For a long time, every time Easter approached, we wondered which beach Aunt Rubí would like to camp on this year. Although a devout woman, she hated staying at home and attending the congregation’s Stations of the Cross or watching the Holy Mantle on television. She said that God is in nature and sought him on her favorite public beaches, León Dormido, Gallardo, Cerro Azul. Only once did my aunt accept my mother’s invitation to set up a camp at the beach branch of an exclusive club in Lima. He arrived in his orange station wagon, with his red igloo stuffed full of cold beer and his quino strips under his arm. I remember that the first night, a little drunk, she busied herself launching insults at her boss, the engineer Leandro Manizales, then the general manager of the factory. My aunt had just asked him for a reasonable raise, but he had refused to grant it, using excuses that seemed false to her. The next morning my mother asked him to go to the club office and ask for a new support for the gas stove. The always pragmatic aunt decided to find a blunt object for support herself. After half an hour with no result, he approached the dumpsters lined up along the seafront and stuck his head in each one like recyclers and beggars do. As he was there, picking up rubbish, poking around in the dirty bottom of the bins, he suddenly heard a voice that was tragically familiar. “Gummyinda? Are you?”. It was the engineer Leandro Manizales, the manager of the factory, who, on the arm of his new second wife, could not overcome his astonishment at such an unexpected encounter. Then my aunt Rubí, née Rubercinda, my mother’s younger sister, my Godmother at baptism, the only one of nine children who managed to graduate and become the pride of the family, she, victim of a stutter never experienced before and aware of his homeless behavior, he was full of explanations – as unlikely as those he received when he asked for the raise – and hastened the dismissal as fast as he could, but when he arrived at his office on the Monday after Easter, he received double the raise he was requesting When I told my mother about it on the phone, she repeated her favorite religious phrase: “It’s a little miracle of Saint Jude.”

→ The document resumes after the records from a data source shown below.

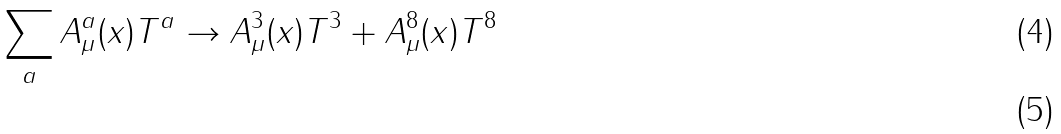<formula> <loc_0><loc_0><loc_500><loc_500>\sum _ { a } A ^ { a } _ { \mu } ( x ) T ^ { a } \to A ^ { 3 } _ { \mu } ( x ) T ^ { 3 } + A ^ { 8 } _ { \mu } ( x ) T ^ { 8 } \\</formula> 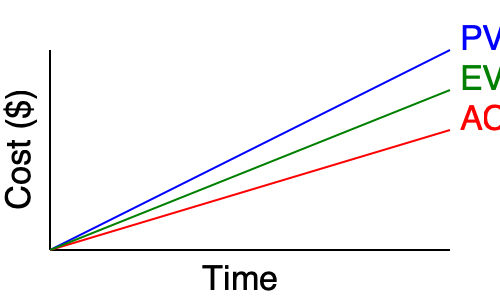As a project manager working closely with your foreman to meet deadlines, you're analyzing the Earned Value Management (EVM) graph for your current project. At the latest reporting point, what is the Schedule Performance Index (SPI), and what does it indicate about the project's schedule status? To determine the Schedule Performance Index (SPI) and interpret the project's schedule status, we'll follow these steps:

1. Identify the key components in the EVM graph:
   - Blue line: Planned Value (PV)
   - Red line: Actual Cost (AC)
   - Green line: Earned Value (EV)

2. Calculate SPI using the formula:
   $$ SPI = \frac{EV}{PV} $$

3. At the latest reporting point (rightmost point on the graph):
   - EV ≈ $410,000
   - PV ≈ $450,000

4. Calculate SPI:
   $$ SPI = \frac{410,000}{450,000} \approx 0.91 $$

5. Interpret the SPI value:
   - SPI < 1 indicates the project is behind schedule
   - SPI = 1 indicates the project is on schedule
   - SPI > 1 indicates the project is ahead of schedule

6. With an SPI of 0.91, the project is behind schedule. Specifically:
   - The project has completed 91% of the work planned for this point in time.
   - The project is approximately 9% behind schedule.

As a project manager working with your foreman, this information suggests you need to discuss strategies to accelerate the project's progress to meet the planned deadlines.
Answer: SPI ≈ 0.91; project is behind schedule. 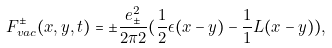<formula> <loc_0><loc_0><loc_500><loc_500>F _ { v a c } ^ { \pm } ( x , y , t ) = \pm \frac { e _ { \pm } ^ { 2 } } { 2 \pi { 2 } } ( \frac { 1 } { 2 } \epsilon ( x - y ) - \frac { 1 } { 1 } L ( x - y ) ) ,</formula> 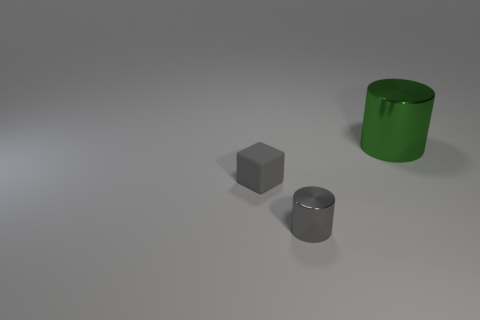Do the big thing and the gray cylinder have the same material?
Ensure brevity in your answer.  Yes. How many things are things in front of the big green metal thing or small things in front of the gray block?
Keep it short and to the point. 2. There is another tiny shiny thing that is the same shape as the green object; what is its color?
Offer a very short reply. Gray. How many metallic objects have the same color as the tiny block?
Provide a succinct answer. 1. Does the large shiny cylinder have the same color as the small metallic cylinder?
Give a very brief answer. No. How many objects are cylinders in front of the tiny rubber object or metal objects?
Give a very brief answer. 2. What is the color of the shiny thing that is in front of the object that is behind the small gray object that is behind the gray shiny cylinder?
Ensure brevity in your answer.  Gray. There is a small cylinder that is the same material as the green thing; what color is it?
Make the answer very short. Gray. How many other cylinders are the same material as the big green cylinder?
Your response must be concise. 1. There is a thing that is behind the gray matte cube; is its size the same as the tiny gray matte cube?
Offer a terse response. No. 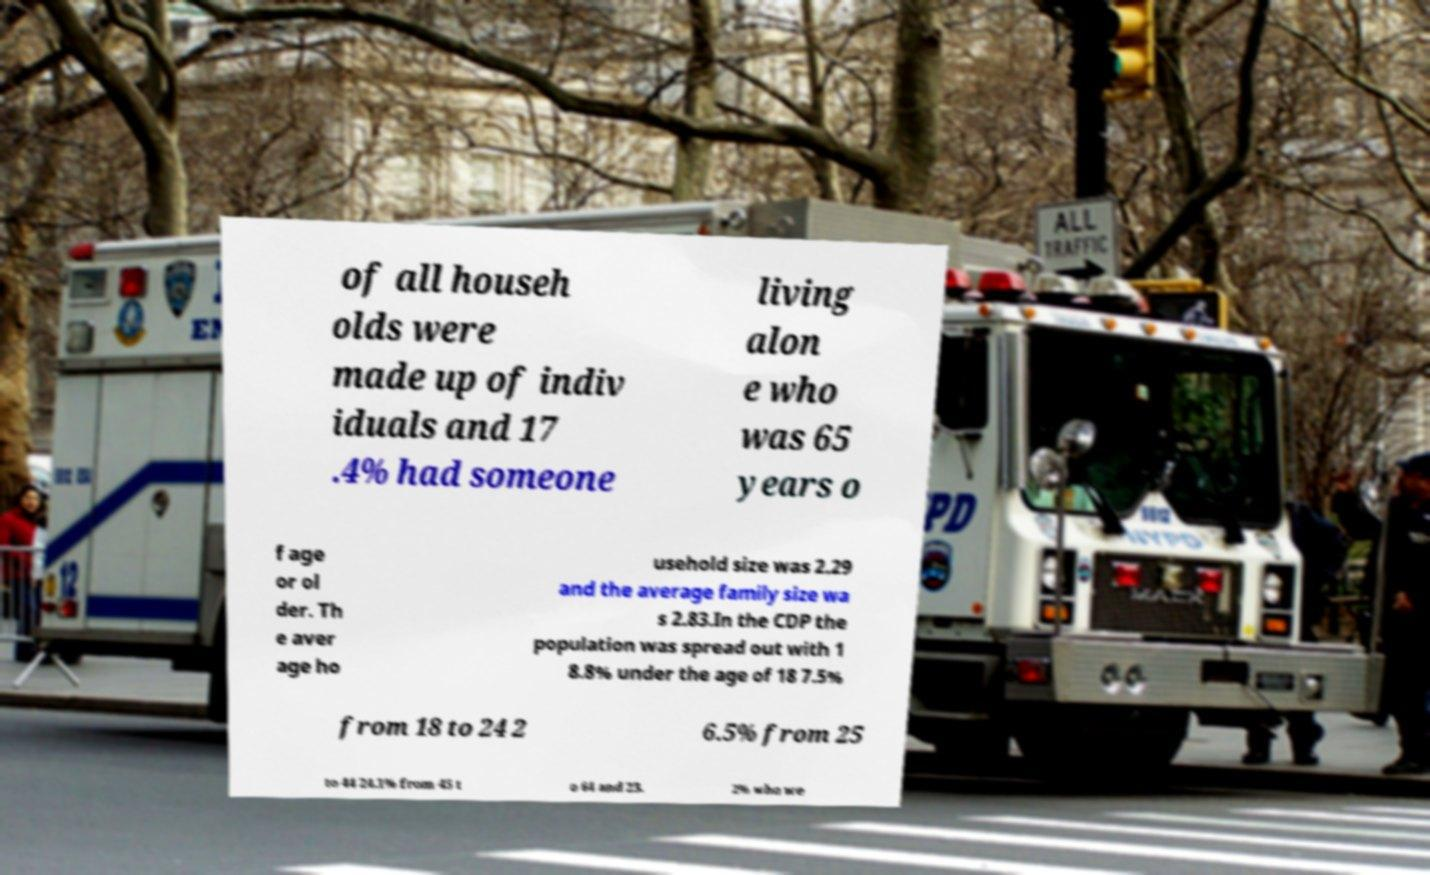Could you extract and type out the text from this image? of all househ olds were made up of indiv iduals and 17 .4% had someone living alon e who was 65 years o f age or ol der. Th e aver age ho usehold size was 2.29 and the average family size wa s 2.83.In the CDP the population was spread out with 1 8.8% under the age of 18 7.5% from 18 to 24 2 6.5% from 25 to 44 24.1% from 45 t o 64 and 23. 2% who we

The sea is an integral part of my aunt Rubí’s biography. I can’t imagine that in Madrid, in the middle of the year, she will cool off in the swamp or in the municipal pools. I will warn him, at the risk of getting angry with me. Nobody knows better than me how depressed he would be if he didn’t have a beach nearby where he could roast his pale skin, sip beer at will with his feet in the sand, bang his stomach from wave to wave and continue to carry himself could -confidence and dignity the only swimsuit he wears I met him, the blue one, Deborah Kerr’s.

Renato Cisneros (Lima, 46 years old) is a journalist, poet and writer. He has written volumes of poetry such as “Ritual de los Prójimos” (1988) and novels “Never trust me or you will leave the earth”. In the diary Some day I will show you the desert (2019) he talks about the experience of being a father.